TDA2SX: thermal issue: critical termperature reached(125°C)

Part Number: TDA2SX

Hello, Cherry,

Nice to communicate with you. last week, I've met one question about thermal issue on SoC. when app is running, some log printed on screen and app stopped.
log as below:

[ 2740.140898] critical temperature 1 reached
[ 2740.141423] thermal thermal_zone0: critical temperature reached(125 C),shutting down
[ 2740.227952] Attempting kernel_power_off
[ 2740.228586] reboot: Failed to start orderly shutdown: forcing the issue
[ 2740.243864] reboot: Power down
[ 2740.244359] reboot: Power down
[ 2740.245737] palmas_power_off: Unable to write to DEV_CTRL_DEV_ON: -121
[ 2740.246570] kernel_power_off has failed! Attempting emergency_restart

it seems that some core in Soc is too hot to continue running. so monitor process power off the kernel. for current temprature of cores in Soc, we could check by below commands:

                cat /sys/class/thermal/thermal_zone0/temp 
                cat /sys/class/thermal/thermal_zone1/temp 
                cat /sys/class/thermal/thermal_zone2/temp 
                cat /sys/class/thermal/thermal_zone3/temp 
                cat /sys/class/thermal/thermal_zone4/temp 

I've searched some documents, there is a mapping about tda4x on thermal_zone and cores as below:

thermal_zone0 -> WKUP domain DMSC core 

thermal_zone1 -> MAIN domain MPU A72 core

thermal_zone2 -> MAIN domain C7x core

thermal_zone3 -> MAIN domain GPU core

thermal_zone4 -> MAIN domain R5F core

but I can't find the mapping about tda2X(tda2SX), could you kinldy tell me the mapping between cores and thermal zones? thanks in advance.

another question is :

could you kindly tell me what possible kinds of reasons could make the core too hot to run? I've checked the load of every core, the A15  load is about 40~50%, dsp2: 60%, dsp1: cant get the stat data,  ipu2 :40%, it seems ok. but the temprature would be very high when SR1 has little free memory. but i can't see the mechanism between the memory and the temprature.

thanks in advance.

  • The 5 sensors are near MPU, GPU, the core, IVA, and DSPEVE.

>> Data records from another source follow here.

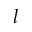<formula> <loc_0><loc_0><loc_500><loc_500>l</formula> 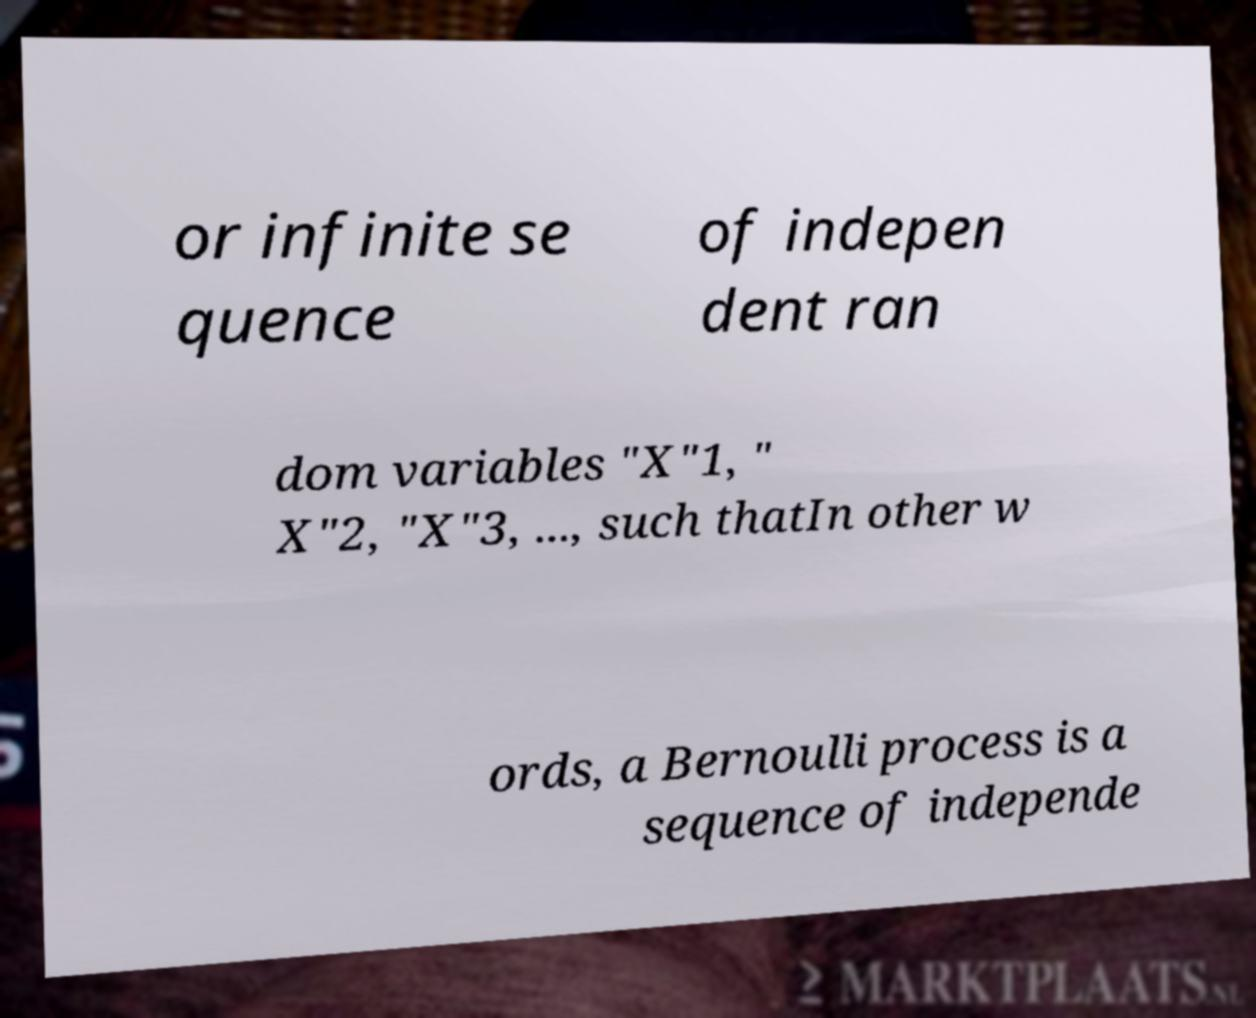Please identify and transcribe the text found in this image. or infinite se quence of indepen dent ran dom variables "X"1, " X"2, "X"3, ..., such thatIn other w ords, a Bernoulli process is a sequence of independe 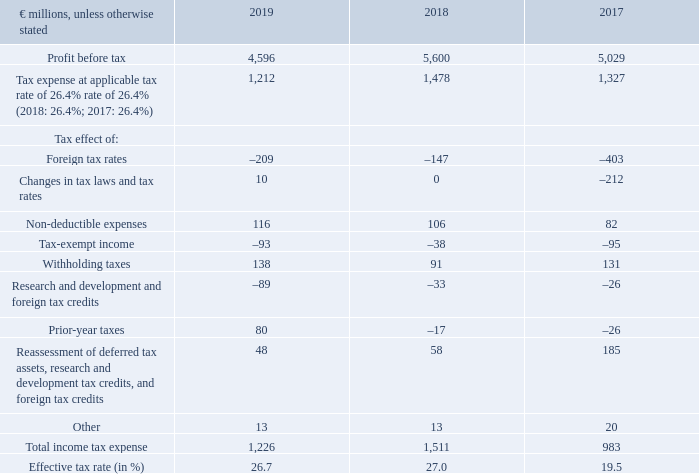The following table reconciles the expected income tax expense, computed by applying our combined German tax rate of 26.4% (2018: 26.4%; 2017: 26.4%), to the actual income tax expense. Our 2019 combined German tax rate includes a corporate income tax rate of 15.0% (2018: 15.0%; 2017: 15.0%), plus a solidarity surcharge of 5.5% (2018: 5.5%; 2017: 5.5%) thereon, and trade taxes of 10.6% (2018: 10.6%; 2017: 10.6%).
Relationship Between Tax Expense and Profit Before Tax
What was the profit before tax in 2019?
Answer scale should be: million. 4,596. In which years was the Relationship Between Tax Expense and Profit Before Tax analyzed? 2019, 2018, 2017. What was the applicable tax rate in 2018? 26.4%. In which year was profit before tax the largest? 5,600>5,029>4,596
Answer: 2018. What was the change in Other in 2019 from 2018?
Answer scale should be: million. 13-13
Answer: 0. What was the percentage change in Other in 2019 from 2018?
Answer scale should be: percent. (13-13)/13
Answer: 0. 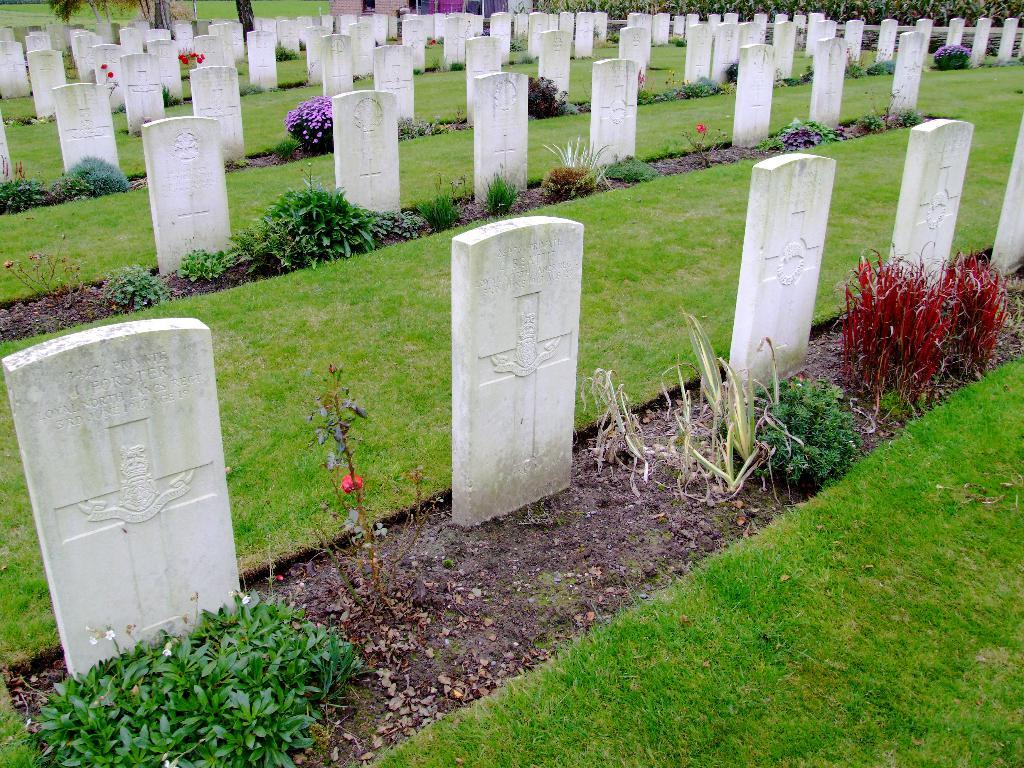What type of location is depicted in the image? There is a graveyard in the image. What type of vegetation can be seen in the image? There are plants with flowers in the image. What covers the ground in the image? Grass is present on the ground in the image. What can be seen at the top of the image? There are plants and other objects at the top of the image. What type of train can be seen passing through the graveyard in the image? There is no train present in the image; it is a graveyard with plants, flowers, and grass. 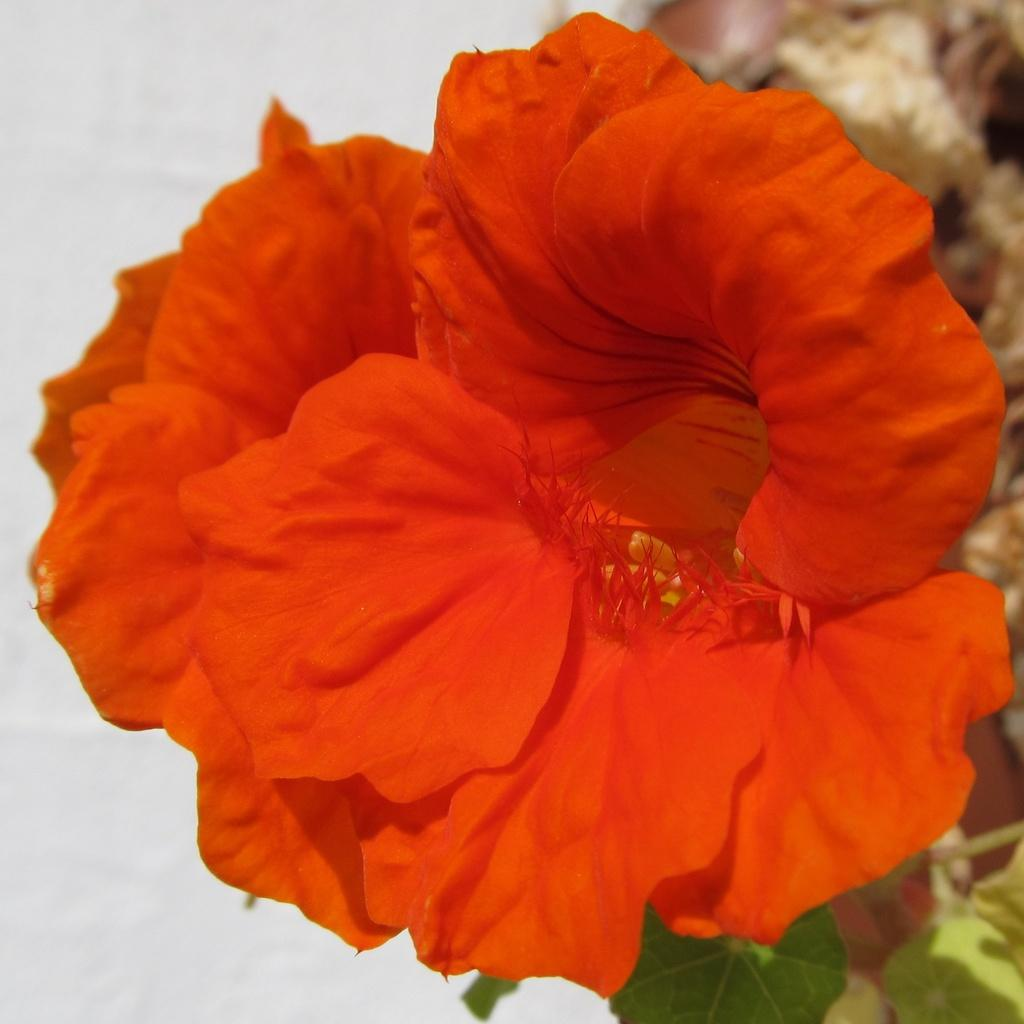What type of plants can be seen in the image? There are flowers and leaves in the image. What color is the background of the image? The background of the image is white. What type of toys can be seen on the floor in the image? There are no toys or floor present in the image; it only features flowers and leaves against a white background. 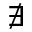Convert formula to latex. <formula><loc_0><loc_0><loc_500><loc_500>\nexists</formula>

    the SoC consumes power and this turns into heat; the heat of the SoC will increase until the rate of heat generation matches the rate at which heat is removed from the system. This is a basic idea, but maybe it is worth thinking about how you are getting heat out of the system...

    Kevin

  • Hello, Kevin,

    Thanks for your kindly explanation.


    at first, one info need to confirm : whether the mapping between sensors and cores which mentioned in your response is :
    thermal_zone0 -> MPU(deduce that it's A15 core)

    thermal_zone1 -> GPU

    thermal_zone2 -> the core (IPU? )

    thermal_zone3 -> IVA

    thermal_zone4 -> DSP and EVE

    the PCB lays on the desk in our office room, the air condition is running, and the room temperature is about 20 to 25 °C. It seems that SoC gets little heat from environment.

    for mechanism on heat generating and removing, I agree that heat comes from power consumption of SoC. and it's observed that the temprature of SoC would increase with A15 load becoming heavier, e.g. from 5%  to 40%. So I guess that when load of A15 increases, the power consumption would increase, too. Then the temperature of SoC goes up.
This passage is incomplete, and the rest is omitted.